## [Problem to solve]
Every line below that holds the word "dummy" must be listed.

Source material Block Start

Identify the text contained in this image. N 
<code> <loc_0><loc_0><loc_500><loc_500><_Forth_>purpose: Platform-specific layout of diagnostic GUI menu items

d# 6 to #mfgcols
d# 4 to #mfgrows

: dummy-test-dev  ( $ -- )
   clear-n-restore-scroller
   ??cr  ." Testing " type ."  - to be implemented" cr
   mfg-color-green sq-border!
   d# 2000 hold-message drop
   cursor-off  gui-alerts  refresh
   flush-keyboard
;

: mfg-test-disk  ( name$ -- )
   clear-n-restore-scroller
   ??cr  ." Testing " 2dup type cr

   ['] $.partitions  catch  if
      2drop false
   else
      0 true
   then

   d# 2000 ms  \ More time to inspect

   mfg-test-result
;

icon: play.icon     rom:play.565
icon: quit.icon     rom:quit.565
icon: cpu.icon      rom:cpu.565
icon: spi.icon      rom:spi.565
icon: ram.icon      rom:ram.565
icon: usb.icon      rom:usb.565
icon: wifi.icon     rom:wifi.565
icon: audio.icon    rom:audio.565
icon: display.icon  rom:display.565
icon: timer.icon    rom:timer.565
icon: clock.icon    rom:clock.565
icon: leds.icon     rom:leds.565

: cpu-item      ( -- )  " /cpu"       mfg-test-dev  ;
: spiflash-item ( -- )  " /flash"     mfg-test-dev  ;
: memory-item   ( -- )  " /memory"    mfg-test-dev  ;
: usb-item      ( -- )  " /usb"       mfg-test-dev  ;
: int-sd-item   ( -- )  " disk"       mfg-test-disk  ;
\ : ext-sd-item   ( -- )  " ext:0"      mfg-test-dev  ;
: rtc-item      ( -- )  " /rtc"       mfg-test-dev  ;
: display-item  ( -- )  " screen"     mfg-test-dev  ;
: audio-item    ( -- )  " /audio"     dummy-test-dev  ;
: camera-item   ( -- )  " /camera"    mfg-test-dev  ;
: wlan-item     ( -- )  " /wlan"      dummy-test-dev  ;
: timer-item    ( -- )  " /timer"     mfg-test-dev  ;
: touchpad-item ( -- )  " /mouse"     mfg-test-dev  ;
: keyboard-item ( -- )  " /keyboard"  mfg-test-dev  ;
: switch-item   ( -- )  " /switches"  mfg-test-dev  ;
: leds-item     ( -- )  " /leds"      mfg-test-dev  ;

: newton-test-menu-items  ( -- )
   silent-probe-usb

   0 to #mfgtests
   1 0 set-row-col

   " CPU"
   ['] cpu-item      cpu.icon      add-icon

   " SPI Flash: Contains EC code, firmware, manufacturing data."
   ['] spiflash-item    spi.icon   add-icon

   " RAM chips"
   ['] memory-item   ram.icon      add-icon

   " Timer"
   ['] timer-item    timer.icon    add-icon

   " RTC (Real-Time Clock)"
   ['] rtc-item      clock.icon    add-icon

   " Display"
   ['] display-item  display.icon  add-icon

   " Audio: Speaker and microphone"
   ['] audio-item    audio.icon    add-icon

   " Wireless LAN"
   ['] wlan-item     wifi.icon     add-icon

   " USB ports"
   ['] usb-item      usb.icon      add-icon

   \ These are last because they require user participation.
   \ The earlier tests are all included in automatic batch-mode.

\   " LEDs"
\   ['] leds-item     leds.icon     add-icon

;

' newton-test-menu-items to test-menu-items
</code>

Source material Block End
Source material Block Start

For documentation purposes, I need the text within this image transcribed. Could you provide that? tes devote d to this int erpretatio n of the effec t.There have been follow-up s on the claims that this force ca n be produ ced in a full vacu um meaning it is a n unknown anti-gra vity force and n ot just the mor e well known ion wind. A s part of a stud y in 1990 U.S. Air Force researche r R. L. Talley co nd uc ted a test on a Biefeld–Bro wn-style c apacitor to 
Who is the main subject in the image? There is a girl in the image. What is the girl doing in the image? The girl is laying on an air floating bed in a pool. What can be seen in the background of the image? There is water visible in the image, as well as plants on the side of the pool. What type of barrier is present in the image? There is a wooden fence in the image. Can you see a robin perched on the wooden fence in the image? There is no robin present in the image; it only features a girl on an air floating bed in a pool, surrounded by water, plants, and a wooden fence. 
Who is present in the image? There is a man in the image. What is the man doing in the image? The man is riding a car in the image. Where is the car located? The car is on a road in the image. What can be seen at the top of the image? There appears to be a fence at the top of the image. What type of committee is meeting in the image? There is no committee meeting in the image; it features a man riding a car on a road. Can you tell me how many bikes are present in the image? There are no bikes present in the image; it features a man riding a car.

Source material Block End

## [Response]
: dummy-test-dev  ( $ -- )
: audio-item    ( -- )  " /audio"     dummy-test-dev  ;
: wlan-item     ( -- )  " /wlan"      dummy-test-dev  ;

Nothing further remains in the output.